Saved entries:
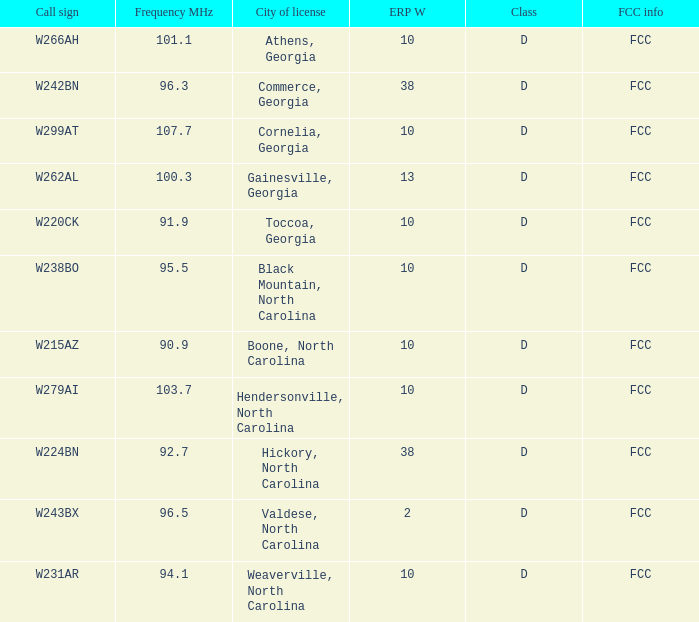What is the megahertz frequency for the station with a call sign of w224bn? 92.7. 
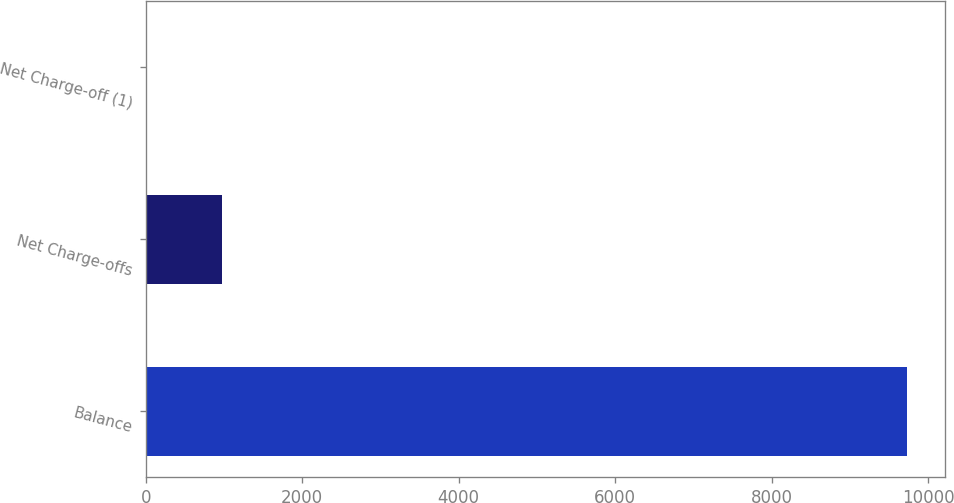<chart> <loc_0><loc_0><loc_500><loc_500><bar_chart><fcel>Balance<fcel>Net Charge-offs<fcel>Net Charge-off (1)<nl><fcel>9726<fcel>973.55<fcel>1.05<nl></chart> 
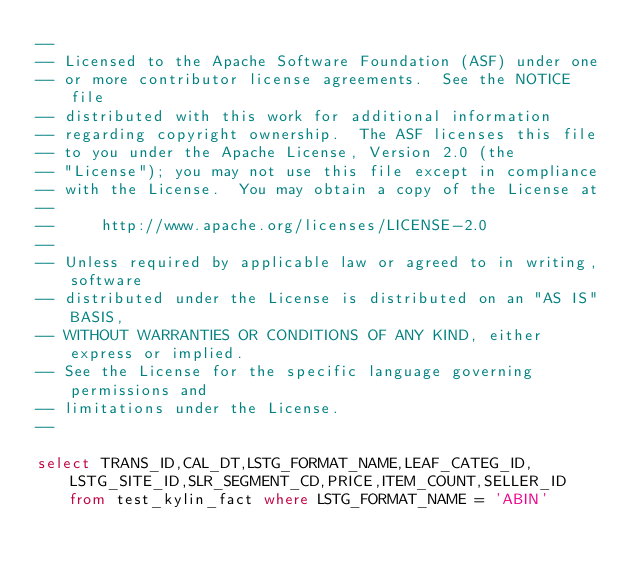<code> <loc_0><loc_0><loc_500><loc_500><_SQL_>--
-- Licensed to the Apache Software Foundation (ASF) under one
-- or more contributor license agreements.  See the NOTICE file
-- distributed with this work for additional information
-- regarding copyright ownership.  The ASF licenses this file
-- to you under the Apache License, Version 2.0 (the
-- "License"); you may not use this file except in compliance
-- with the License.  You may obtain a copy of the License at
--
--     http://www.apache.org/licenses/LICENSE-2.0
--
-- Unless required by applicable law or agreed to in writing, software
-- distributed under the License is distributed on an "AS IS" BASIS,
-- WITHOUT WARRANTIES OR CONDITIONS OF ANY KIND, either express or implied.
-- See the License for the specific language governing permissions and
-- limitations under the License.
--

select TRANS_ID,CAL_DT,LSTG_FORMAT_NAME,LEAF_CATEG_ID,LSTG_SITE_ID,SLR_SEGMENT_CD,PRICE,ITEM_COUNT,SELLER_ID from test_kylin_fact where LSTG_FORMAT_NAME = 'ABIN'
</code>

Directions:
Working from the data above, extract solely the lines from the one containing "-- Licensed to" through the one containing "except in compliance", exactly as they appear, both included.

Response area:
-- Licensed to the Apache Software Foundation (ASF) under one
-- or more contributor license agreements.  See the NOTICE file
-- distributed with this work for additional information
-- regarding copyright ownership.  The ASF licenses this file
-- to you under the Apache License, Version 2.0 (the
-- "License"); you may not use this file except in compliance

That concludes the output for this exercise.